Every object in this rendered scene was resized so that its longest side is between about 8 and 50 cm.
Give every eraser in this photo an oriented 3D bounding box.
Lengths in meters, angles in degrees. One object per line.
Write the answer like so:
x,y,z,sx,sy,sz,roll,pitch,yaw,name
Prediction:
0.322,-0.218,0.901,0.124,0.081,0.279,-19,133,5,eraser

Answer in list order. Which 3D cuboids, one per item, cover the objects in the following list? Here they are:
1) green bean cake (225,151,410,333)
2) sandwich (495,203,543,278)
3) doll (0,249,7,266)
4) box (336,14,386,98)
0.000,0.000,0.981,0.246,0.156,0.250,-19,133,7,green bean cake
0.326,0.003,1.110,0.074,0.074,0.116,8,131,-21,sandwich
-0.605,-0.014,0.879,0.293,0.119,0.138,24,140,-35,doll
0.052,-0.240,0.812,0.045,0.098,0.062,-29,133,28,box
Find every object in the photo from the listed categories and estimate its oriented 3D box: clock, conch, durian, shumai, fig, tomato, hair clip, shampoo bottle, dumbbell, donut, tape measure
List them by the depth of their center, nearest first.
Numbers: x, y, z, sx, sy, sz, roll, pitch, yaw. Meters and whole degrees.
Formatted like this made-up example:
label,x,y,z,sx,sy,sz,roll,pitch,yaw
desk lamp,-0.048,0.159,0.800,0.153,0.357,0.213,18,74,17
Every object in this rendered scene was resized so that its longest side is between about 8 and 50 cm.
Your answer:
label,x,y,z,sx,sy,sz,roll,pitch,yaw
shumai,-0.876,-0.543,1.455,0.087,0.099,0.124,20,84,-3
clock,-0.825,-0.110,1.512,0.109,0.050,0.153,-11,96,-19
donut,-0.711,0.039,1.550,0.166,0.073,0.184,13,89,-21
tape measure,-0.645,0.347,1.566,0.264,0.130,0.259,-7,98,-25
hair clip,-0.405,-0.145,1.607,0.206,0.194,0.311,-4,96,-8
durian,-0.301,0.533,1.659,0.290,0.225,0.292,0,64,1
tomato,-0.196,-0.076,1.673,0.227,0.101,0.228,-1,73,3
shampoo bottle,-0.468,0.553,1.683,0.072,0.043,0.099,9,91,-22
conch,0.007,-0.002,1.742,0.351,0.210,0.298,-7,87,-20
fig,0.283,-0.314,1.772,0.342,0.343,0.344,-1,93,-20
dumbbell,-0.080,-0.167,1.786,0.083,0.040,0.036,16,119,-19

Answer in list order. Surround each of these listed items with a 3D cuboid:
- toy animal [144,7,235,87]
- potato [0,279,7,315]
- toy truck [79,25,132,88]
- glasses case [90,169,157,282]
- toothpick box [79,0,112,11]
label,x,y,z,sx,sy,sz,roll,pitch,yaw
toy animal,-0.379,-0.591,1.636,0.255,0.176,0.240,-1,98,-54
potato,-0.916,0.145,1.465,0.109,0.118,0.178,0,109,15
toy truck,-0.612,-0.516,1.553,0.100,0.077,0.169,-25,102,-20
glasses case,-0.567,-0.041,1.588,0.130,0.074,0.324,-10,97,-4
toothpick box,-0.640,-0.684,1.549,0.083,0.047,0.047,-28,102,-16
-- -- --
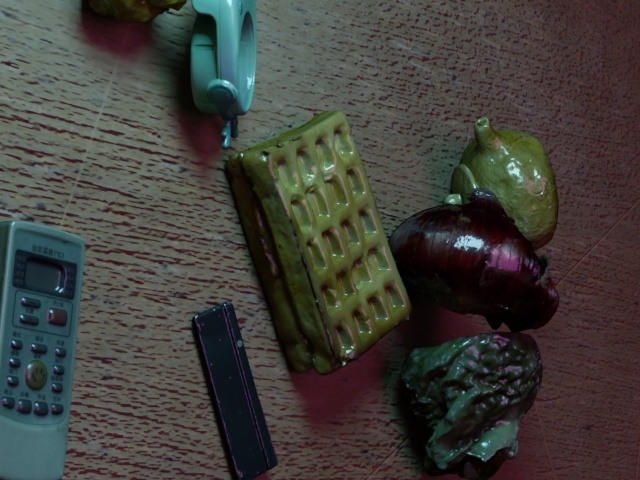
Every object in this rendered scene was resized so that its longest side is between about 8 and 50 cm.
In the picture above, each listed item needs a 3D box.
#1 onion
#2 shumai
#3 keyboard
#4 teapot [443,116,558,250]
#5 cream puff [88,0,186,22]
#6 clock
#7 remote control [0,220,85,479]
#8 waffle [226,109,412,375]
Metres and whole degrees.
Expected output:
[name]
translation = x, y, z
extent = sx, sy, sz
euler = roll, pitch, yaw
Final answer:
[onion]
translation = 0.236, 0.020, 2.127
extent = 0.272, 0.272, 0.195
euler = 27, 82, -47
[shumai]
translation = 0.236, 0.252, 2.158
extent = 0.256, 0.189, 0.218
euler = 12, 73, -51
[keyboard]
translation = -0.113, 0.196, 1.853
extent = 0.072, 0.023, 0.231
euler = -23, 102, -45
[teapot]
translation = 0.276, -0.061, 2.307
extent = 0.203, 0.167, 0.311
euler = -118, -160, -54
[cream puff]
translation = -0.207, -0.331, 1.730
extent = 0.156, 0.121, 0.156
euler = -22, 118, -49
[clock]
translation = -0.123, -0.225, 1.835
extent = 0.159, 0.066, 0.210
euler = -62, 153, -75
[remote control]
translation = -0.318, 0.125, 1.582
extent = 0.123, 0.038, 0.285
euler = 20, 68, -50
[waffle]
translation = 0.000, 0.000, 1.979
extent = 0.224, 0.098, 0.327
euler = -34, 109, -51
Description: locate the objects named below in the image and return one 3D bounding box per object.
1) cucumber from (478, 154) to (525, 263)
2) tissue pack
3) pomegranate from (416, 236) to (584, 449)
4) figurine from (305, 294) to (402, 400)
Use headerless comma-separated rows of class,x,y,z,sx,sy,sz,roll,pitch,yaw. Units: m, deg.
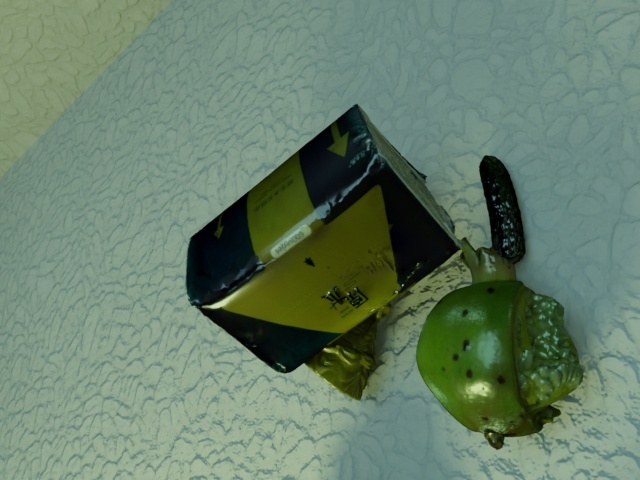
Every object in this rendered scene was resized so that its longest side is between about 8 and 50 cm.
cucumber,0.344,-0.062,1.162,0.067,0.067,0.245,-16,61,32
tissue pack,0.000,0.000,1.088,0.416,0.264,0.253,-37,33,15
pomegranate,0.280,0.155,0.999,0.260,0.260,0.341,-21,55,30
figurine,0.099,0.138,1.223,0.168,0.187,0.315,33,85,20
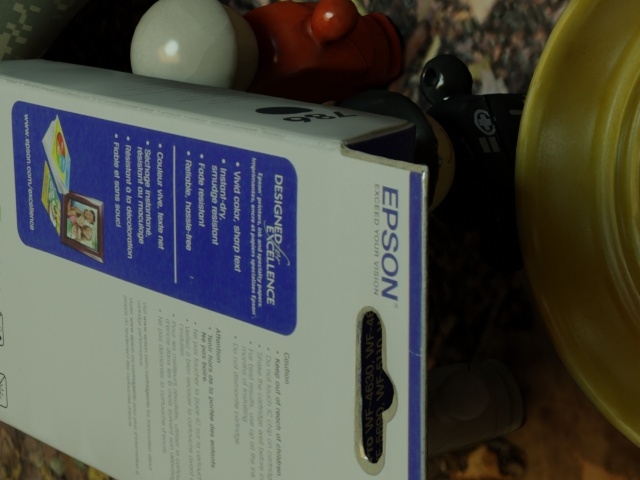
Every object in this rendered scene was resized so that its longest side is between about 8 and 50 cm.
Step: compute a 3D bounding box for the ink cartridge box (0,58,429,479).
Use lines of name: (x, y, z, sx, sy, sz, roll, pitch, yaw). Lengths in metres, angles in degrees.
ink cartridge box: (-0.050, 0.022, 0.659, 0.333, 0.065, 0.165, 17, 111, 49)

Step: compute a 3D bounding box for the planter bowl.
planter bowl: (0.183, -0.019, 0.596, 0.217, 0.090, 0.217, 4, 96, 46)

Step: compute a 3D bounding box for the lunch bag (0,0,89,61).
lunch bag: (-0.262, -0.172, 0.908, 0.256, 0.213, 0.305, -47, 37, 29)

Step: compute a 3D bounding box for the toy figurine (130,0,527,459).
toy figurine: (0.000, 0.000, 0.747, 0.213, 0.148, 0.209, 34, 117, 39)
-- -- --
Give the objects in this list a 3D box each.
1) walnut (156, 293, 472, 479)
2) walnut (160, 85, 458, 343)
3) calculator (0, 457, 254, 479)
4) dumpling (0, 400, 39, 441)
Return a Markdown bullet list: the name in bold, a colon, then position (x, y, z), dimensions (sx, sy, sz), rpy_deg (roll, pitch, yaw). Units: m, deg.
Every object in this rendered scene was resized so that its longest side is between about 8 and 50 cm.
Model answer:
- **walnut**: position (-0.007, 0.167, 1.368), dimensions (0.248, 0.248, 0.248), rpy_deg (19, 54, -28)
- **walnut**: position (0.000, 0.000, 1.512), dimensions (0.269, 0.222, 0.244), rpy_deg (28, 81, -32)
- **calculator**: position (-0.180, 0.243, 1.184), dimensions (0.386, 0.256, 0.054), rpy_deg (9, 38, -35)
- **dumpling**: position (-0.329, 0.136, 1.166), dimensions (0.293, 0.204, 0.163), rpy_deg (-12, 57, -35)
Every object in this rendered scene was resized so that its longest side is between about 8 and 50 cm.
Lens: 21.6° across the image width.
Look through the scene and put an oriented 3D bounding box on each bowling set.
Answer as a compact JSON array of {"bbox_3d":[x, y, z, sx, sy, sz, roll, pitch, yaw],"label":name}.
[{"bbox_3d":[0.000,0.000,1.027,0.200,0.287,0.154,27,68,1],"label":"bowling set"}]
-- -- --
» **Work task**
Show me all lines in the records that contain "photo".

» **Answer area**
Give every eraser in this photo an oriented 3D bounding box.
Find every object in the photo from the listed categories and estimate its oriented 3D box: clock, conch, durian, shumai, fig, tomato, hair clip, shampoo bottle, dumbbell, donut, tape measure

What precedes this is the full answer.